Obama administration argues Uighur Guantanamo detainee appeal now moot
Ximena Marinero at 9:29 AM ET

[JURIST] The US Department of Justice (DOJ) [official website] on Friday urged [brief, PDF] the US Supreme Court [official website; JURIST news archive] to dismiss as moot an appeal filed by Chinese Muslim Uighurs detained at Guantanamo Bay [JURIST news archives]. The court granted certiorari [JURIST report] in the case, known as Kiyemba I [docket], in October to determine whether it is within the power of the judicial branch to order the release of detainees into the US. The Obama administration argues that the case is now moot after Switzerland agreed to accept [JURIST report] the remaining two Uighurs for whom "resettlement" arrangements had not been reached.

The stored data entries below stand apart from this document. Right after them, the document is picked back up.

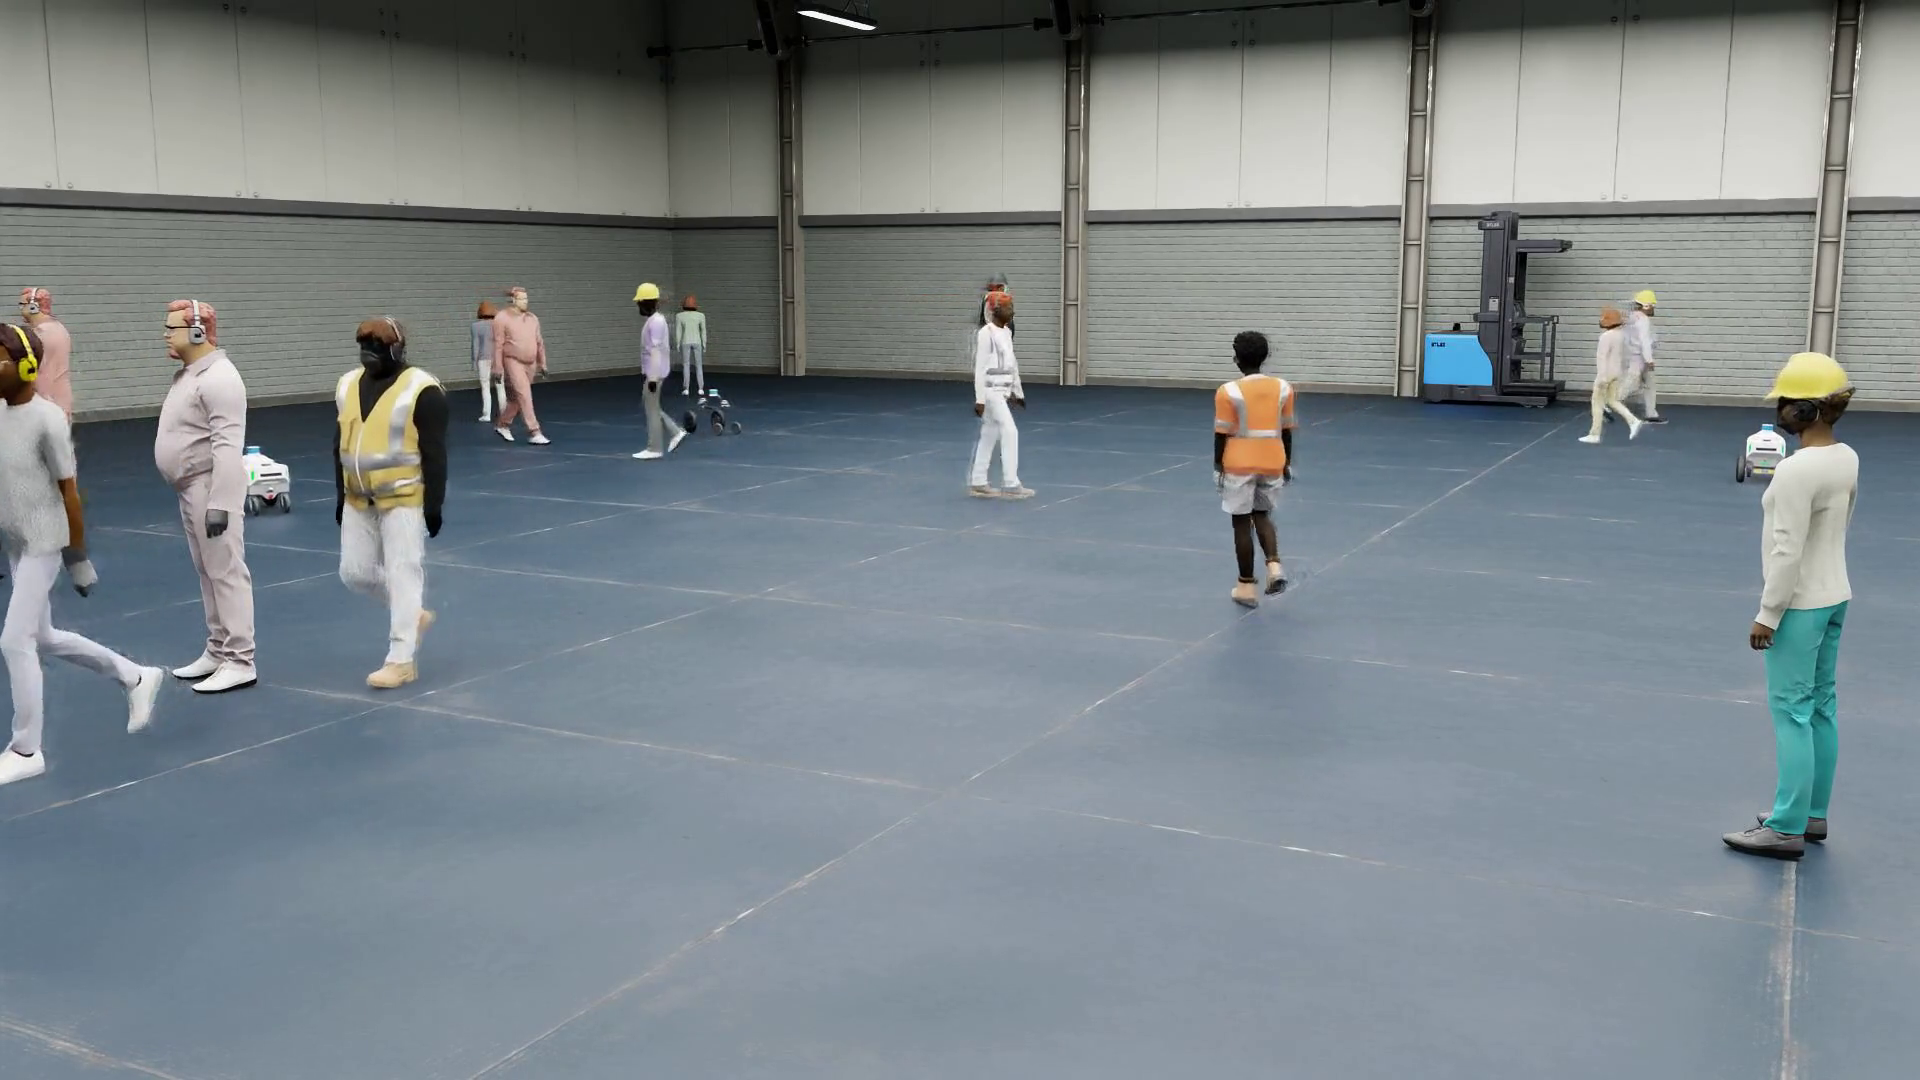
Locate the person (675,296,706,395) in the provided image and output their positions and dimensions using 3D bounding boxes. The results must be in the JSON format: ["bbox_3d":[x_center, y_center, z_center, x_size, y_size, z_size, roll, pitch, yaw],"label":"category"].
[{"bbox_3d":[-4.450,-3.218,27.515,0.507,1.632,0.264,-2,10,-15],"label":"person"}]

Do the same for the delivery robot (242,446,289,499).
[{"bbox_3d":[-6.064,-0.562,14.297,0.477,0.478,0.707,-9,13,-44],"label":"delivery robot"}]

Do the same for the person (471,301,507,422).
[{"bbox_3d":[-6.411,-2.433,22.672,0.507,1.631,0.266,-7,11,-36],"label":"person"}]

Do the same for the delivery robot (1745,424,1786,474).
[{"bbox_3d":[7.919,-0.894,16.343,0.477,0.478,0.707,4,10,25],"label":"delivery robot"}]

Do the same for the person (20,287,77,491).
[{"bbox_3d":[-7.598,-1.133,13.811,0.403,1.911,0.637,-3,10,-15],"label":"person"}]

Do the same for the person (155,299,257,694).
[{"bbox_3d":[-3.717,-0.219,8.173,0.406,1.911,0.638,-7,11,-35],"label":"person"}]

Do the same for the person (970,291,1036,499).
[{"bbox_3d":[0.429,-1.290,14.943,0.803,1.853,0.602,3,10,17],"label":"person"}]

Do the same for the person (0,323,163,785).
[{"bbox_3d":[-3.748,0.026,6.871,0.512,1.850,0.795,7,12,38],"label":"person"}]

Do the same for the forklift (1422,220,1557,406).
[{"bbox_3d":[8.245,-3.527,25.720,1.873,2.768,1.129,5,10,27],"label":"forklift"}]

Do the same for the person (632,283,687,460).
[{"bbox_3d":[-3.312,-1.834,18.109,0.496,1.914,0.613,-2,9,-11],"label":"person"}]

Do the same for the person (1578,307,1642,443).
[{"bbox_3d":[7.763,-1.953,19.776,0.640,1.614,0.506,9,13,43],"label":"person"}]

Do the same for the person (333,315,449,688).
[{"bbox_3d":[-2.832,-0.202,8.306,0.644,1.831,0.508,3,10,20],"label":"person"}]

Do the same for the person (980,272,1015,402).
[{"bbox_3d":[0.590,-3.147,25.960,0.540,2.000,0.706,-3,10,-16],"label":"person"}]

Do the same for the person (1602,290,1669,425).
[{"bbox_3d":[9.026,-2.441,22.238,0.869,1.799,0.589,3,10,19],"label":"person"}]

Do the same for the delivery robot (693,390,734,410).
[{"bbox_3d":[-3.126,-1.792,21.085,0.335,0.223,0.698,-8,12,-39],"label":"delivery robot"}]

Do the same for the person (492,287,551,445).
[{"bbox_3d":[-5.261,-2.084,19.826,0.993,1.863,0.652,6,11,31],"label":"person"}]

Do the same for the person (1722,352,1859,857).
[{"bbox_3d":[2.953,0.226,5.867,0.525,1.769,0.308,-8,13,-42],"label":"person"}]

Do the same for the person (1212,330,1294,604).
[{"bbox_3d":[1.794,-0.448,10.248,0.555,1.682,0.369,-3,10,-19],"label":"person"}]

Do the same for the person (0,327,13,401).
[{"bbox_3d":[-8.084,-1.024,14.033,0.663,1.605,0.540,-4,10,-22],"label":"person"}]
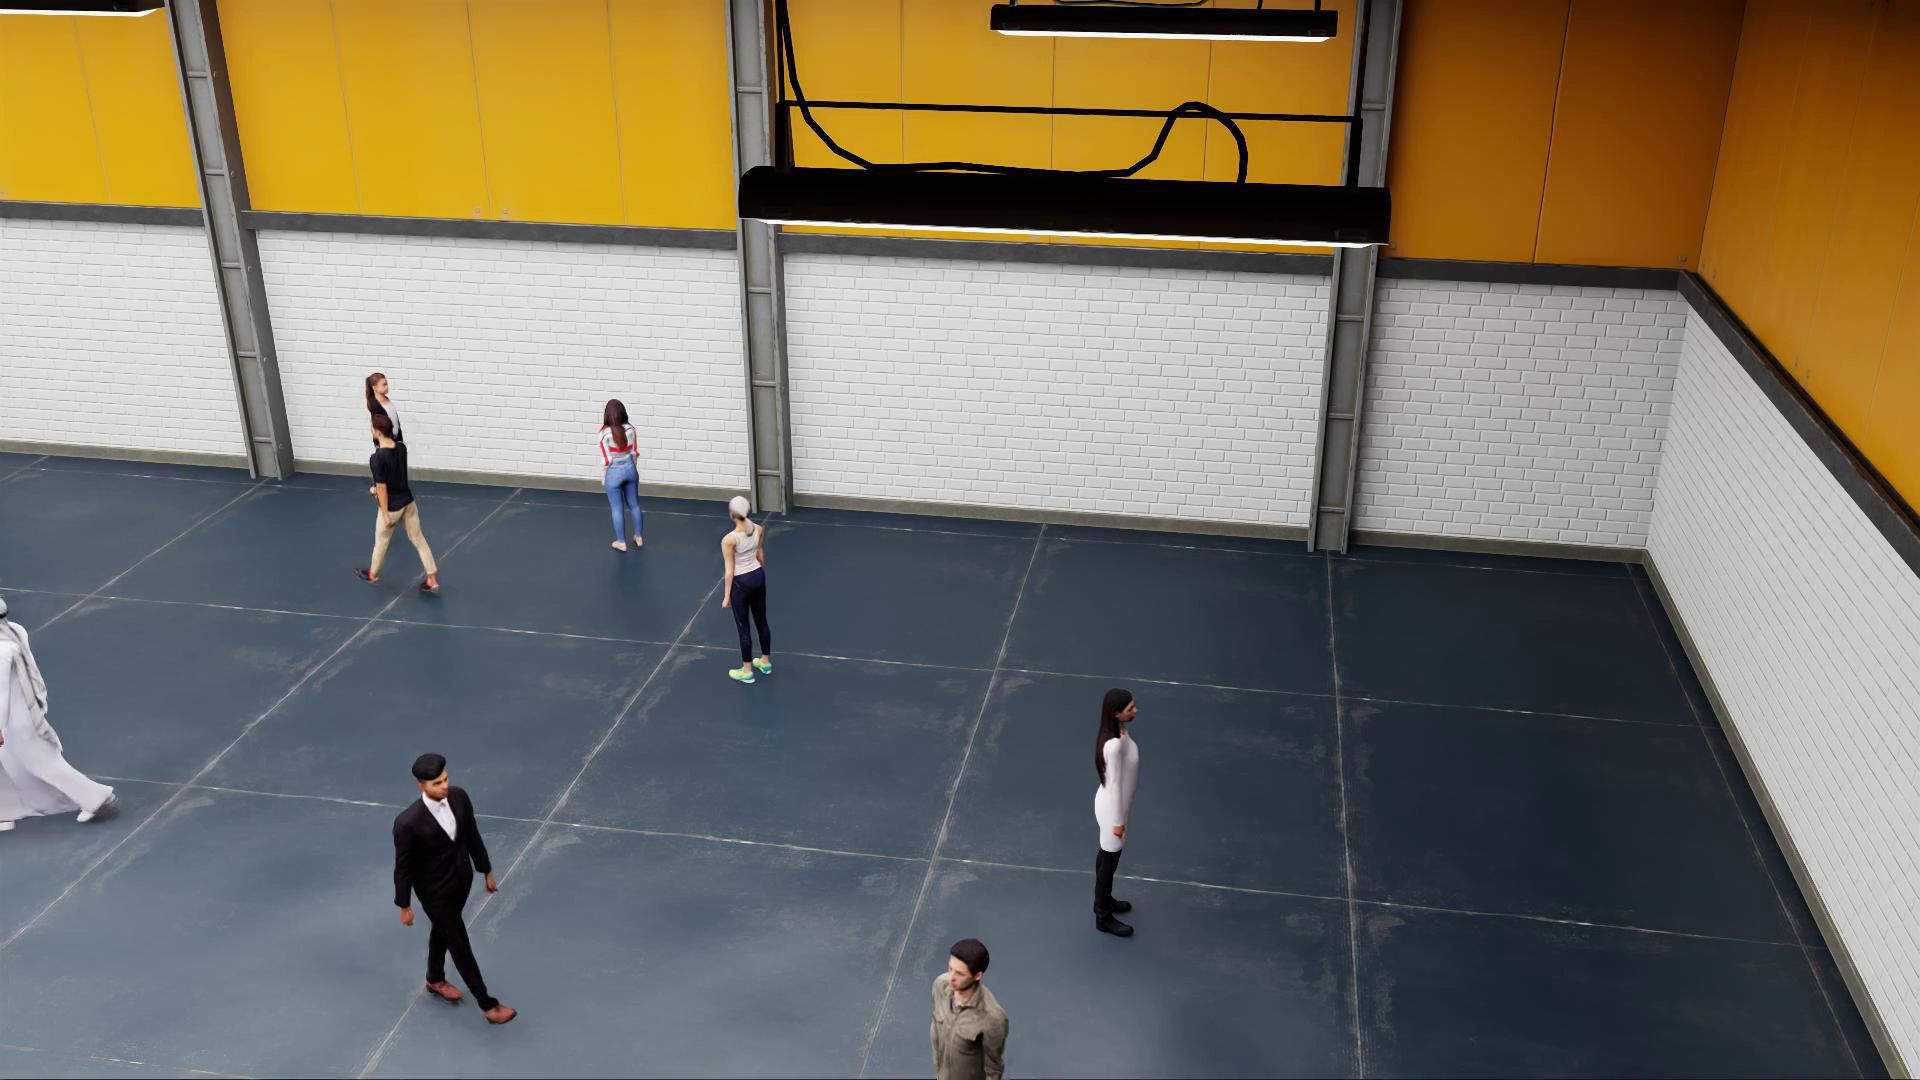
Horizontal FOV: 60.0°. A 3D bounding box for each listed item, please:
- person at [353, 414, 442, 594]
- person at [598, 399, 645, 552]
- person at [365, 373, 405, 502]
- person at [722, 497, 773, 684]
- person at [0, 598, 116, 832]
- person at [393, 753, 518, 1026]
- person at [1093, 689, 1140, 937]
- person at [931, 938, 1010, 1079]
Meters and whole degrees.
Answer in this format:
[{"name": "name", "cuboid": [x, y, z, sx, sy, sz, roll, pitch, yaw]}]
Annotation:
[{"name": "person", "cuboid": [-5.338, -0.302, 15.998, 1.209, 1.809, 0.848, 11, 26, 23]}, {"name": "person", "cuboid": [-3.489, -0.681, 17.112, 0.657, 1.612, 0.715, -16, 28, -33]}, {"name": "person", "cuboid": [-6.299, -1.074, 18.088, 0.675, 1.551, 0.547, 3, 24, 8]}, {"name": "person", "cuboid": [-1.847, 0.420, 14.475, 0.706, 1.706, 0.686, 21, 31, 39]}, {"name": "person", "cuboid": [-6.830, 1.296, 12.233, 1.298, 1.898, 1.162, -12, 26, -26]}, {"name": "person", "cuboid": [-3.291, 2.127, 10.395, 1.206, 1.847, 0.971, 13, 27, 28]}, {"name": "person", "cuboid": [1.025, 1.803, 11.184, 0.548, 1.808, 0.619, 2, 24, 5]}, {"name": "person", "cuboid": [0.114, 2.841, 8.748, 1.002, 1.857, 0.956, -21, 31, -39]}]
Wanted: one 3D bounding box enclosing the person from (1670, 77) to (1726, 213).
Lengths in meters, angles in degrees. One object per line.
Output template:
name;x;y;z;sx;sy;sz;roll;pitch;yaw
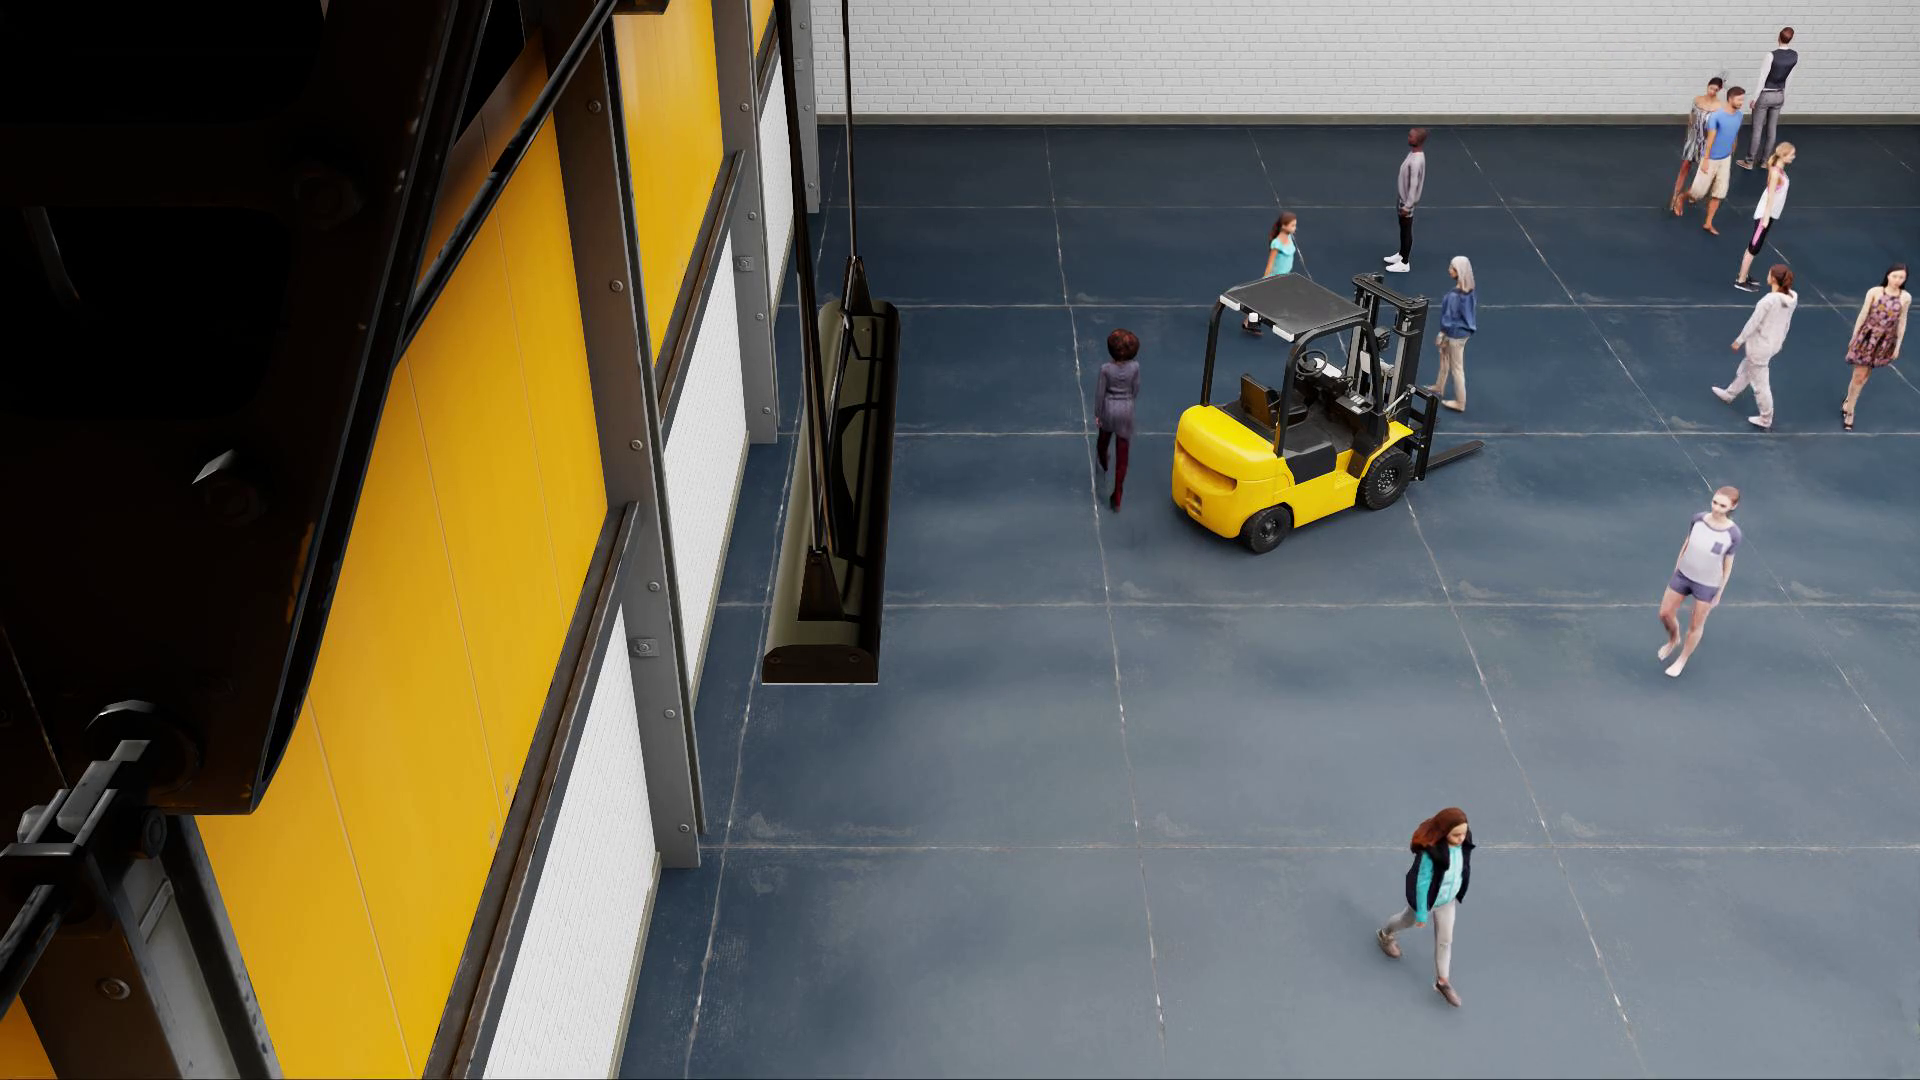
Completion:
person;9.616;-5.150;21.537;1.073;1.780;0.996;-26;42;-34

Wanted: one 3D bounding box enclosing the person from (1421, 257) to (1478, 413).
person;5.168;-2.075;17.005;0.933;1.676;0.886;28;43;35

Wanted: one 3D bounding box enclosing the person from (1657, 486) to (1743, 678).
person;5.981;0.294;13.364;0.776;1.760;0.714;-27;42;-34

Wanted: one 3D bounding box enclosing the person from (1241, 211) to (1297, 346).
person;3.431;-2.902;18.398;0.964;1.510;1.065;19;38;26

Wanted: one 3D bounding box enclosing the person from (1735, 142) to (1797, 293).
person;9.441;-3.811;19.517;0.747;1.787;0.615;16;37;23

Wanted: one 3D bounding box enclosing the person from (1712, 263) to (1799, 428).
person;8.181;-1.924;16.801;0.972;1.650;1.152;-17;37;-24

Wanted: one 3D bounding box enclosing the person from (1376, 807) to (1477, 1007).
person;2.984;2.243;10.700;0.873;1.463;1.070;-16;37;-23

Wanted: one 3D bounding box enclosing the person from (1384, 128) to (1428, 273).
person;5.387;-4.085;19.943;0.707;1.771;0.505;5;34;7

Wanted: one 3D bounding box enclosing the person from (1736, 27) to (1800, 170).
person;11.088;-6.054;22.755;0.673;1.937;0.592;-3;34;-5

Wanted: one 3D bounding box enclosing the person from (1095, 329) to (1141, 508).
person;1.494;-1.111;15.562;0.582;1.667;1.096;-1;34;-1

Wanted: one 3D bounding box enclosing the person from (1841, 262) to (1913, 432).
person;9.239;-2.018;16.846;0.758;1.757;0.924;8;35;13

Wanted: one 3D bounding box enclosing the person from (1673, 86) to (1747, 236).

The DOJ reasons that:


legal constraints prevent the courts from ordering that petitioners be brought to and released in the United States. ... As this Court has long affirmed, the power to admit or exclude aliens is a sovereign prerogative vested in the political Branches, and "it is not within the province of any court, unless expressly authorized by law, to review [that] determination..." Finally, even assuming arguendo that a judicial order compelling the Executive to bring an alien into the United States were justified in some circumstances, the government's sustained and successful efforts to resettle petitioners should preclude such an order in this case.
Of the 22 Uighurs originally detained at Guantanamo Bay, 15 have been relocated. Six Uighurs were transferred to Palau in October, four were sent to Bermuda last June, and five were received by Albania [JURIST reports] in 2006. Of the remaining seven Uighurs, Palau has expressed willingness to accept another five, and the Swiss Federal Council announced [press release] last week that it would accept the remaining two for humanitarian reasons and despite recent warnings [JURIST report] to the contrary by the Chinese Embassy in Switzerland [official website]. China has continued to call for repatriation [JURIST report] of the Uighur detainees that Chinese authorities consider to be part of the East Turkestan Islamic Movement (ETIM) [CFR backgrounder], a militant group that calls for separation from China and which has been a US-designated terrorist group since 2002. The US has previously rejected China's calls to repatriate the Uighurs, citing fear of torture upon their return.